The back is removable, and there's a MicroSD slot! It even comes with a 4GB card in addition to the 4GB of on-board storage.

Along the top is just a headphone jack.

Volume and power are where you would expect them to be.

Also on the back is the speaker.

MicroUSB 2.0 is along the bottom edge, along with a single microphone.

The Sunrise is pretty thick. Here it is next to the Nexus 5X.

It's also very small.

The darkest the screen gets is only ever a grey color.

The other day we were rather shocked to hear that Walmart was selling a pre-paid smartphone for ten whole dollars. When we saw the device was running Android, we just had to see what it was like. So we walked into our local store, plunked an entire $10 bill down on the table, and walked out with a rough facsimile of a smartphone. Meet the LG Sunrise.

This is not our first trip into the masochistic world of ultra-cheap smartphones. We previously reviewed the Intex Cloud FX, a $35 smartphone that ran Firefox OS. The Cloud FX had a ton of problems, but for us the most limiting thing was FireFox OS. It couldn't run any benchmarks or our battery tests, making the device a $35 slab of uselessness that could occasionally render a webpage without crashing. The Sunrise is packing something much more familiar though: Android. It's only running Android 4.4 KitKat, but that's a lot better than Mozilla's app-less browser OS.

We should mention that while we walked into a Walmart and spent only $10 on this device, it was on sale.
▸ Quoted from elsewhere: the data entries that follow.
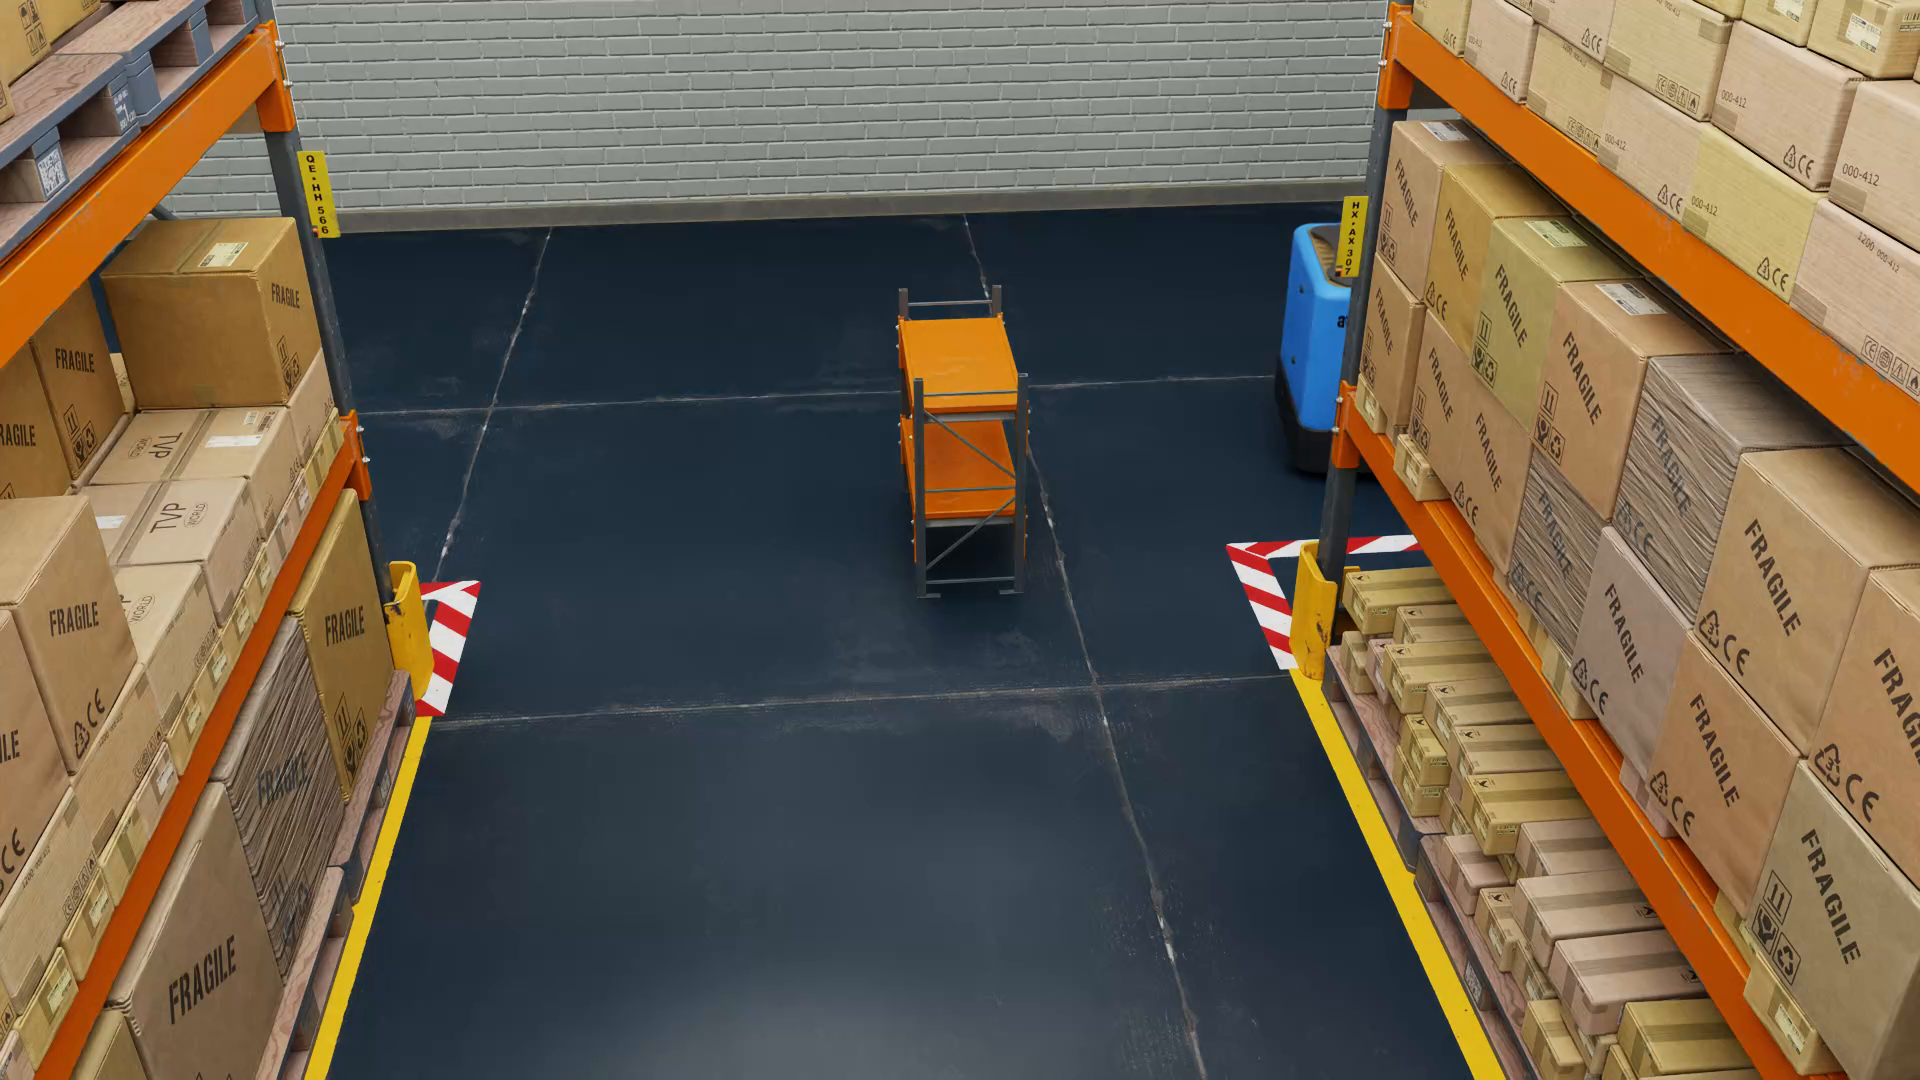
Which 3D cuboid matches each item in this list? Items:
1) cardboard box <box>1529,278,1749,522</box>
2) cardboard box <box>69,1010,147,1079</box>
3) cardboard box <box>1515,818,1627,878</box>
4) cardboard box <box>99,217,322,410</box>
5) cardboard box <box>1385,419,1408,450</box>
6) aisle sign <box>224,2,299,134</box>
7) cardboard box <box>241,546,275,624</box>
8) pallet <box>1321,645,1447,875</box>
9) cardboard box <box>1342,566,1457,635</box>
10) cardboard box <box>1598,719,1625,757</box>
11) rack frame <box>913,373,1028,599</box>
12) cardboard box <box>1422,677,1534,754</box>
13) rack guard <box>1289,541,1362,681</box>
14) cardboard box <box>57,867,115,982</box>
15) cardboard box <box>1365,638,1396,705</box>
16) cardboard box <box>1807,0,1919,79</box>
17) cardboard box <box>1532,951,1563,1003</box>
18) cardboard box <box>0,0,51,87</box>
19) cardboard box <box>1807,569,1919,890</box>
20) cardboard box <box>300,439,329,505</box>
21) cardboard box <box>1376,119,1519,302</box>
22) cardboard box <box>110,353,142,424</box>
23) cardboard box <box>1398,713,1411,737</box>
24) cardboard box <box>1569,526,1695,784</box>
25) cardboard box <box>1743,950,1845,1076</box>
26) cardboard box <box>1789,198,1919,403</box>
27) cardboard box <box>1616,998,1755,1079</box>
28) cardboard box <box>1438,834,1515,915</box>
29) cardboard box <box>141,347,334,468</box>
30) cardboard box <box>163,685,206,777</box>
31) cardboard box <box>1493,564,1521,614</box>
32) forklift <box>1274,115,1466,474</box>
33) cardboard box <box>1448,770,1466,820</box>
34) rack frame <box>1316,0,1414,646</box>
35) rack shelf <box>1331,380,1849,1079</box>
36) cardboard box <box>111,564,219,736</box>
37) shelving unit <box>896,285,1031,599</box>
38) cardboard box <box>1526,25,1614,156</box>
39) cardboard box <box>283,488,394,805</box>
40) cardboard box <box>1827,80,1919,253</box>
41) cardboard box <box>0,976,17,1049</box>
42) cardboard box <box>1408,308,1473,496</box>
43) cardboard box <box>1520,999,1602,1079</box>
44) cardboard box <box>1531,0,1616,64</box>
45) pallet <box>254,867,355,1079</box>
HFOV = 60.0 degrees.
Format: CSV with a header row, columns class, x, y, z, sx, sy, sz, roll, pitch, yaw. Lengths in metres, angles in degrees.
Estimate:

Various carrier models have the MSRP of the Sunrise listed for $40-$60. We should also mention that this $10 deal is for a locked prepaid phone. If you want to have cell service on this device, it has to be with TracFone unless you want to unlock it somehow. You could also just never get service and have a $10 Wi-Fi device.

The specs look like something out of 2007: a 3.8-inch 480×320 display, a dual core, 1.2GHz Snapdragon 200, 512MB of RAM, 4GB of storage, and a 3MP camera. Everything here aims to fits the most basic definition of each component rather than living up to any kind of performance standard. The camera, for instance, technically records some kind of image based on the light that enters the lens, but we wouldn't call that image "good." The display is a grid of squares that can change colors to represent text or images. There is even a speaker that can create several different noises.

But hey, it's $10! You've got to lower your standards appropriately. If your other option is nothing, there is actually a lot the Sunrise can offer: It can boot and show the Android desktop. If you tap the screen, something (eventually) happens. You can load up Chrome and browse the Internet. You can run apps—even the Google apps—and have access to the entire Play Store. You'll get Google Maps, push notifications, voice commands, and everything else you would expect. It's pretty amazing that for the cost of two Starbucks drinks you can get a mostly-functional, Internet-enabled smartphone that can (more or less) run the same software as a $600 flagship.